You see, apparently marketers have under estimated their prospect's ability to process information to determine relevance—even amidst the clutter, noise and static in their inboxes.
Straight from the Marketing Sherpa Summit in Miami is this chart that shows the top reasons for defection from email marketing programs: Relevance and Frequency.
And, not just by a small margin.
- 58% say they unsubscribe or stop reading due to lack of relevance.
- 44% say you're bombarding them and they won't take it anymore!
In fact, a lack of attention paid due to inbox overload comes in 3rd at 31%. This means you have a really valid opportunity to build higher prospect engagement with over 2/3 of your opt-in list.
More than ever, it's important to put yourself in the shoes of your audience. And to segment. You've got to pinpoint relevance as closely as possible. I mean, 58% is pathetic, don't you think? We can do better than that.
Yes, I know. I can hear you groaning at the thought of all that extra work to construct more than one message and just blast and be done.
Here's the kicker...
You see that second reason? You're sending too many. So, if you segment you can focus on one group at a time. For example, if you have 4 segments, work on one each week. Reducing your communications to once a month won't hurt anything. In fact, with higher relevance and a more relaxed pace, you may just find your prospects are happier to hear from you.
Consider the wild idea that if you're producing really valuable content, your prospects may just seek you out when they have a need to know more. That means you're also gaining increased validity about interest levels.
It's one thing to have them click, look and leave because you initiated that activity during their busy day. It's quite another if they proactively come out to your website to see what's new and pull your content to them because they trust it to be relevant to them. Can you feel the difference?
In a complex B2B sale, it's a long cycle. Getting longer in this economy. Keeping in touch so they remember who you are is better when it's enjoyable and memorable for them.
That's a much better scenario that the one where you've trained them to learn your name so they can delete your message without consideration because they know it's going to be all about you, not them.
Before you continue to fatigue your audience, think about the upside of being the guest everyone wants to invite into their inbox—it's one of those do unto others things...you've got to put the relationship ahead of the message.











Most email marketers fail to put themselves into the shoes of their subscribers just like what you've mentioned. This is worse when marketers see their lists as ATM machines. If they fail to brand their business or themselves properly before their mails get into the inbox of their subscribers, the mails will be deleted before it was open.
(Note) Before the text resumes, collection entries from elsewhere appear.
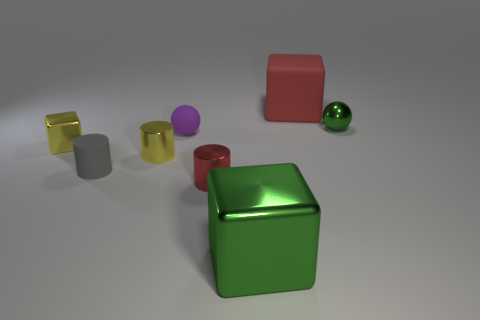How many other things are the same color as the big rubber object?
Provide a succinct answer. 1. There is a large block to the right of the shiny block in front of the yellow cylinder; what number of green objects are to the right of it?
Your answer should be compact. 1. There is a red thing that is behind the tiny matte cylinder; is its size the same as the ball to the right of the red block?
Your response must be concise. No. There is a small yellow thing that is the same shape as the small red thing; what material is it?
Ensure brevity in your answer.  Metal. How many big objects are cyan metal spheres or purple rubber balls?
Your response must be concise. 0. What is the material of the gray cylinder?
Keep it short and to the point. Rubber. There is a small thing that is right of the purple rubber thing and left of the tiny green metal ball; what is it made of?
Ensure brevity in your answer.  Metal. There is a tiny metal ball; does it have the same color as the large thing in front of the tiny green metallic ball?
Provide a short and direct response. Yes. What material is the red cylinder that is the same size as the gray thing?
Your answer should be very brief. Metal. Are there any purple objects made of the same material as the tiny red object?
Your answer should be compact. No. 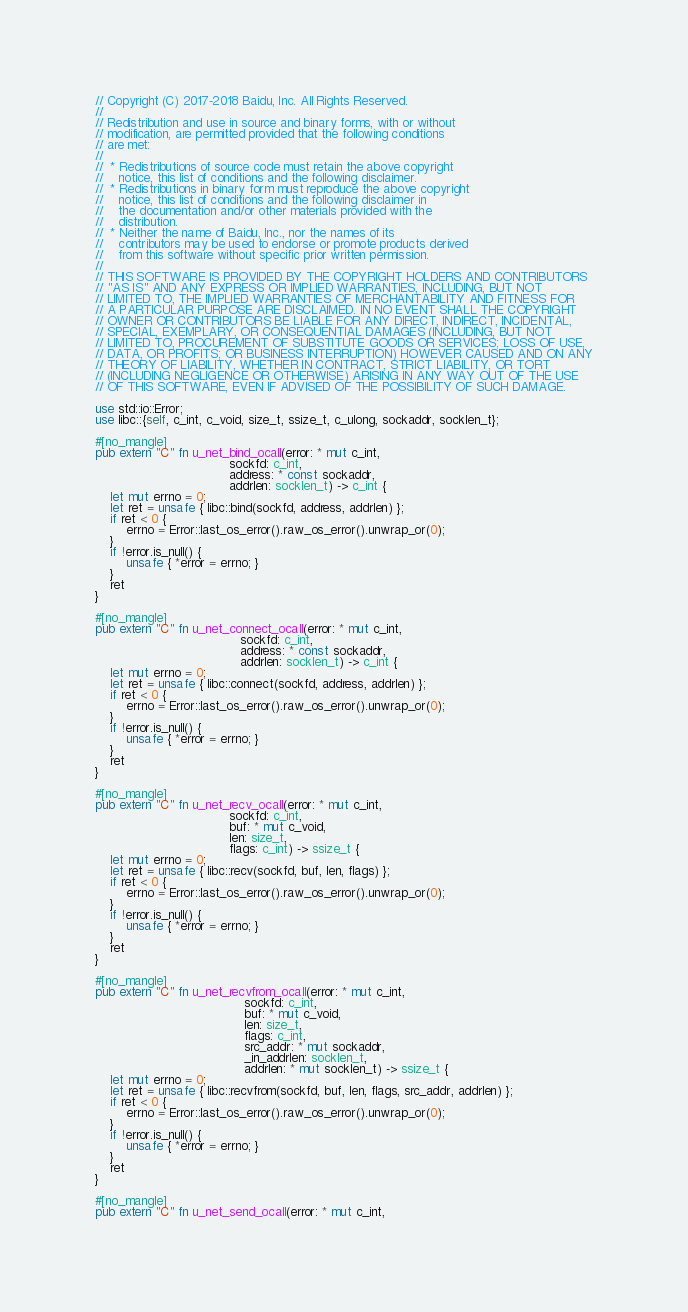<code> <loc_0><loc_0><loc_500><loc_500><_Rust_>// Copyright (C) 2017-2018 Baidu, Inc. All Rights Reserved.
//
// Redistribution and use in source and binary forms, with or without
// modification, are permitted provided that the following conditions
// are met:
//
//  * Redistributions of source code must retain the above copyright
//    notice, this list of conditions and the following disclaimer.
//  * Redistributions in binary form must reproduce the above copyright
//    notice, this list of conditions and the following disclaimer in
//    the documentation and/or other materials provided with the
//    distribution.
//  * Neither the name of Baidu, Inc., nor the names of its
//    contributors may be used to endorse or promote products derived
//    from this software without specific prior written permission.
//
// THIS SOFTWARE IS PROVIDED BY THE COPYRIGHT HOLDERS AND CONTRIBUTORS
// "AS IS" AND ANY EXPRESS OR IMPLIED WARRANTIES, INCLUDING, BUT NOT
// LIMITED TO, THE IMPLIED WARRANTIES OF MERCHANTABILITY AND FITNESS FOR
// A PARTICULAR PURPOSE ARE DISCLAIMED. IN NO EVENT SHALL THE COPYRIGHT
// OWNER OR CONTRIBUTORS BE LIABLE FOR ANY DIRECT, INDIRECT, INCIDENTAL,
// SPECIAL, EXEMPLARY, OR CONSEQUENTIAL DAMAGES (INCLUDING, BUT NOT
// LIMITED TO, PROCUREMENT OF SUBSTITUTE GOODS OR SERVICES; LOSS OF USE,
// DATA, OR PROFITS; OR BUSINESS INTERRUPTION) HOWEVER CAUSED AND ON ANY
// THEORY OF LIABILITY, WHETHER IN CONTRACT, STRICT LIABILITY, OR TORT
// (INCLUDING NEGLIGENCE OR OTHERWISE) ARISING IN ANY WAY OUT OF THE USE
// OF THIS SOFTWARE, EVEN IF ADVISED OF THE POSSIBILITY OF SUCH DAMAGE.

use std::io::Error;
use libc::{self, c_int, c_void, size_t, ssize_t, c_ulong, sockaddr, socklen_t};

#[no_mangle]
pub extern "C" fn u_net_bind_ocall(error: * mut c_int,
                                   sockfd: c_int,
                                   address: * const sockaddr,
                                   addrlen: socklen_t) -> c_int {
    let mut errno = 0;
    let ret = unsafe { libc::bind(sockfd, address, addrlen) };
    if ret < 0 {
        errno = Error::last_os_error().raw_os_error().unwrap_or(0);
    }
    if !error.is_null() {
        unsafe { *error = errno; }
    }
    ret
}

#[no_mangle]
pub extern "C" fn u_net_connect_ocall(error: * mut c_int,
                                      sockfd: c_int,
                                      address: * const sockaddr,
                                      addrlen: socklen_t) -> c_int {
    let mut errno = 0;
    let ret = unsafe { libc::connect(sockfd, address, addrlen) };
    if ret < 0 {
        errno = Error::last_os_error().raw_os_error().unwrap_or(0);
    }
    if !error.is_null() {
        unsafe { *error = errno; }
    }
    ret
}

#[no_mangle]
pub extern "C" fn u_net_recv_ocall(error: * mut c_int,
                                   sockfd: c_int,
                                   buf: * mut c_void,
                                   len: size_t,
                                   flags: c_int) -> ssize_t {
    let mut errno = 0;
    let ret = unsafe { libc::recv(sockfd, buf, len, flags) };
    if ret < 0 {
        errno = Error::last_os_error().raw_os_error().unwrap_or(0);
    }
    if !error.is_null() {
        unsafe { *error = errno; }
    }
    ret
}

#[no_mangle]
pub extern "C" fn u_net_recvfrom_ocall(error: * mut c_int,
                                       sockfd: c_int,
                                       buf: * mut c_void,
                                       len: size_t,
                                       flags: c_int,
                                       src_addr: * mut sockaddr,
                                       _in_addrlen: socklen_t,
                                       addrlen: * mut socklen_t) -> ssize_t {
    let mut errno = 0;
    let ret = unsafe { libc::recvfrom(sockfd, buf, len, flags, src_addr, addrlen) };
    if ret < 0 {
        errno = Error::last_os_error().raw_os_error().unwrap_or(0);
    }
    if !error.is_null() {
        unsafe { *error = errno; }
    }
    ret
}

#[no_mangle]
pub extern "C" fn u_net_send_ocall(error: * mut c_int,</code>

No question. 58% is a big number, especially during such a time where most lists are being created on an opt-in basis.
Posted by: Wayne Liew | March 19, 2009 at 04:22 PM
Ardath, well worth the read. I would thought that sending too many emails was the biggest problem... Thanks ;-)
Posted by: Terrance Charles | March 19, 2009 at 04:32 PM
@Wayne - thanks for your comment. I think you nail it with the ATM analogy. I hadn't thought of it that way! Good call.
@Terrance - thanks for chiming in. I think that it can also be a combination of both that play into losing attention. If a message is irrelevant and you receive the same message repeatedly, it doesn't become more relevant.